13.10.08

IV – Os personagens em Lc 9, 1-6

IV – Os personagens em Lc 9, 1-6

1Tendo convocado os Doze, deu-lhes poder e autoridade sobre todos os demónios e para curarem doenças. 2Depois, enviou-os a proclamar o Reino de Deus e a curar os doentes, 3e disse-lhes: «Nada leveis para o caminho: nem cajado, nem alforge, nem pão, nem dinheiro; nem tenhais duas túnicas. 4Em qualquer casa em que entrardes, ficai lá até ao vosso regresso. 5Quanto aos que vos não receberem, saí dessa cidade e sacudi o pó dos vossos pés, para servir de testemunho contra eles.» 6Eles puseram-se a caminho e foram de aldeia em aldeia, anunciando a Boa-Nova e realizando curas por toda a parte.

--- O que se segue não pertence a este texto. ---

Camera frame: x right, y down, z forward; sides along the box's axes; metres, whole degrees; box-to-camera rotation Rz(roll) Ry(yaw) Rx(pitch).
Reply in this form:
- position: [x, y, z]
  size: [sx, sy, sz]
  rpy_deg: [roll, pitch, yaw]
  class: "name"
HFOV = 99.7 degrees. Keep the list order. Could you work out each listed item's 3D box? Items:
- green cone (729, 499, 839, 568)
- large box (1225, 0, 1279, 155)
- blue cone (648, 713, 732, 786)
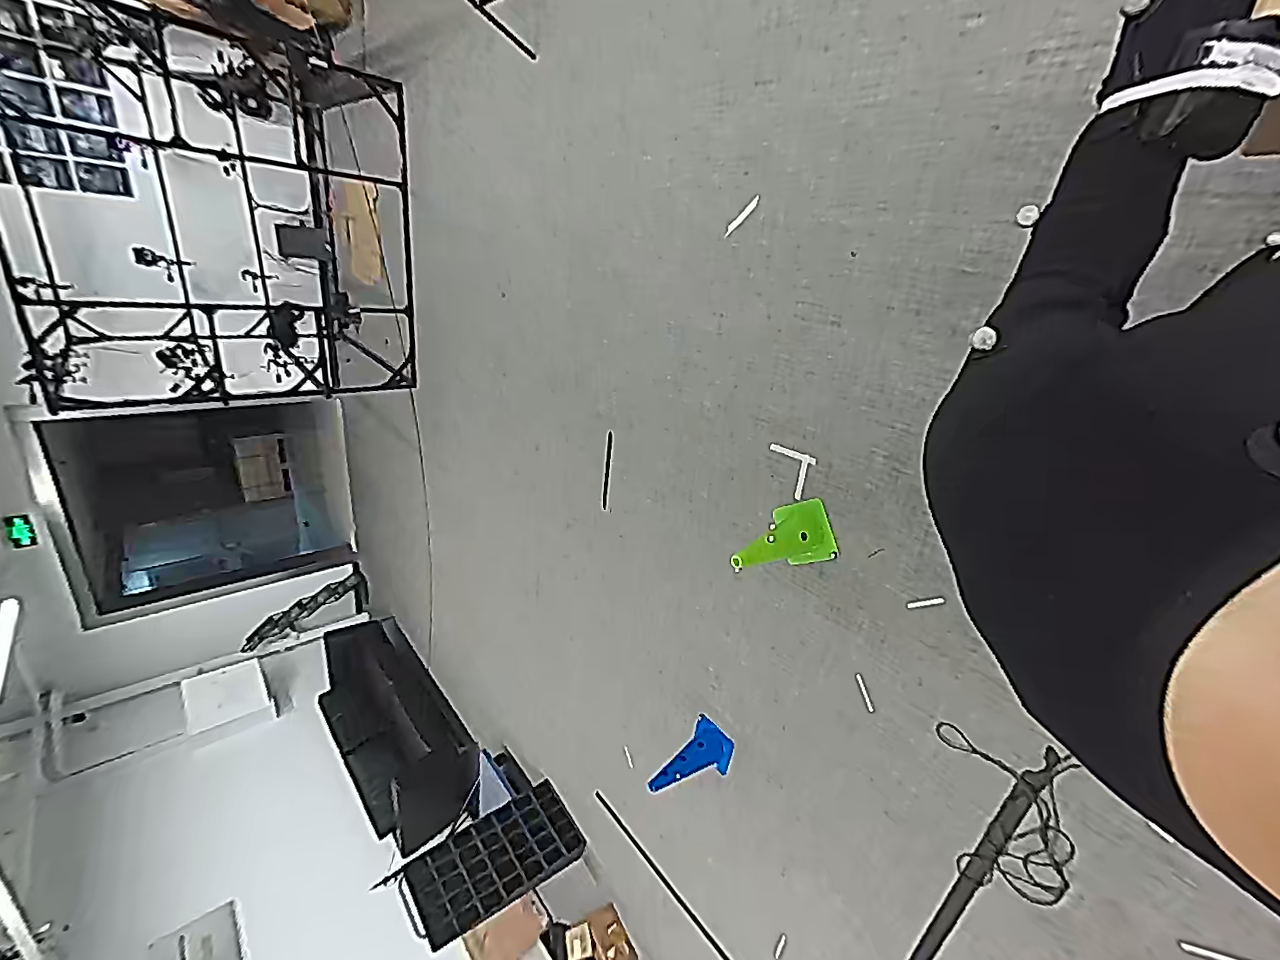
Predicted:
- position: [0.412, 0.199, 1.672]
  size: [0.202, 0.368, 0.200]
  rpy_deg: [-24, 81, 52]
  class: "green cone"
- position: [0.633, -0.381, 0.266]
  size: [0.408, 0.320, 0.320]
  rpy_deg: [25, 121, 42]
  class: "large box"
- position: [0.192, 1.158, 2.231]
  size: [0.192, 0.380, 0.193]
  rpy_deg: [35, 125, 41]
  class: "blue cone"

Os personagens deste trecho são Jesus e os discípulos, mas assumem um papel diferente, bem como diferentes maneiras de estar. Jesus é o personagem principal, ou seja, o personagem redondo bem demarcado e individual, ao passo que os discípulos assumem um personagem colectivo, pois nenhum deles se afirma em relação aos outros nem ninguém fala na primeira pessoa sem ser Jesus. No entanto, apesar disto, os discípulos são personagens incontornáveis neste relato, sem os quais não se justificariam as palavras de Jesus que se lhes dirige. Por isso, visto que o relato se “resolve” com o envio dos discípulos, estes não deixam de ser personagens redondos.
O relato presente é um belo exemplo do que é um personagem emissário, aqui “encarnado” por Jesus que emite uma determinada mensagem e um personagem destinatário, que é o grupo dos discípulos que recebem a mensagem e em função disso, executam determinada resposta, que foi partirem em missão. Os discípulos, por acolherem a mensagem de Jesus são personagens adjuvantes, que servem para a revelação de Jesus e são conformes ao Seu projecto. São ainda considerados personagens objecto, por receberem as palavras de Jesus que é directamente direccionada para eles.
O narrador constrói os personagens de duas maneiras. A Jesus, coloca-o a falar, expressando o seu discurso na primeira pessoa mas isto é mostrando o personagem através do que ele faz, neste caso, através do seu discurso, ao passo que aos discípulos, não lhes dá voz, mas descreve a resposta em termos de acção que eles levam a cabo de seguida. Em qualquer dos personagens há uma técnica de “showing”, ou seja, mostrar os personagens através das suas acções.
Os personagens saem do relato alterados, no sentido de não ficarem iguais como estavam. A exortação de Jesus leva-os a darem uma resposta bastante concreta. Não se limitam já a seguir Jesus apenas, para onde quer que Ele fosse, mas passam também eles a ir em nome d´Ele. Esta atitude de obediência dos discípulos cria uma certa empatia para com o leitor, que se identifica com Jesus e vê nos discípulos um exemplo do que isso acarreta. Há como que um desejo de identificação com os discípulos naquele “sim” que dão.
Quanto à focalização, nos dois primeiros versículos temos focalização de grau zero, em que o narrador passa uma informação que não é imediata nem perceptível sem mais nem menos ( a concessão do poder que Jesus dispensa aos discípulos). No discurso de Jesus temo focalização externa, visto que o narrador não acrescenta nada ao que é visível na cena (as próprias palavras de Jesus num discurso na primeira pessoa). Finalmente os versículos 5 e 6 estão redigidos sob focalização externa também , pois o narrador limita-se a contar aquilo que é visível, sem se deter em pormenores como o estado de espírito de cada um, por exemplo. Do ponto de vista do que se sabe, a posição do leitor é igual à dos personagens, pois nada é escondido ou deixado em suspenso. A informação que os discípulos recebem é a mesma que a do leitor, daí que estejamos perante patamares idênticos.